Continuous present is used for actions happening right now or in the very near future. Simple present (Aorist) is used for habits /usual practices.

Continuous present (-ing/-iyor): "I am drinking wine"/"Şarap içiyorum" (right now, or in the near future).

Simple present: "I drink wine"/"Şarap içerim" (in general).


Non related question..whats the difference between bira and wine ?


They are produced and served differently, but I'd say the main difference is the starting ingredient: Beer ("bira") is made from grains (usually barley, but sometimes wheat or rye). Wine ("şarap") is made from fruit (most commonly grapes, but it could be apples, cranberries, blackberries, etc.) and it usually has a higher alcohol content.

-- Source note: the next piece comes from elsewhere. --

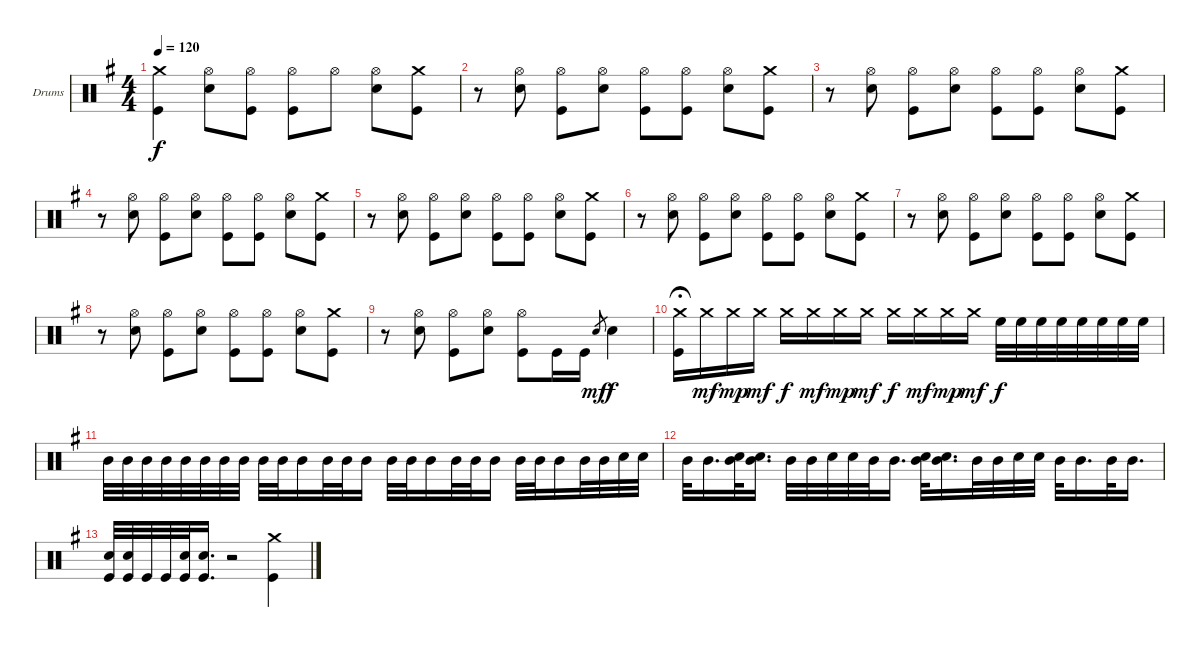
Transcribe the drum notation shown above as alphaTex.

Interesting! Thanks for this info ;)


Following discussion.


Both are terrible drink water instead or juice


Yes l do not know why?


This app is terrible for continuing to use such examples when minors use ot to lean. No developers ever address this issue. Are there no real esucators who know anything about curriculum planning here? We have left numerous comments asking that it ne age appropriate. Here in Canada, one would be legally liable for teaching minors constantly through examples that are illegal to them.


The developers do no read the discussion pages. There is a "Contact us" button at the bottom of this page. Or you could also try DuoLingo for Schools as the content is more likely to be age appropriate over there, (at least I HOPE it is!) as it is specifically marketed to minors. I imagine parents could register as a tiny "school" for their own children.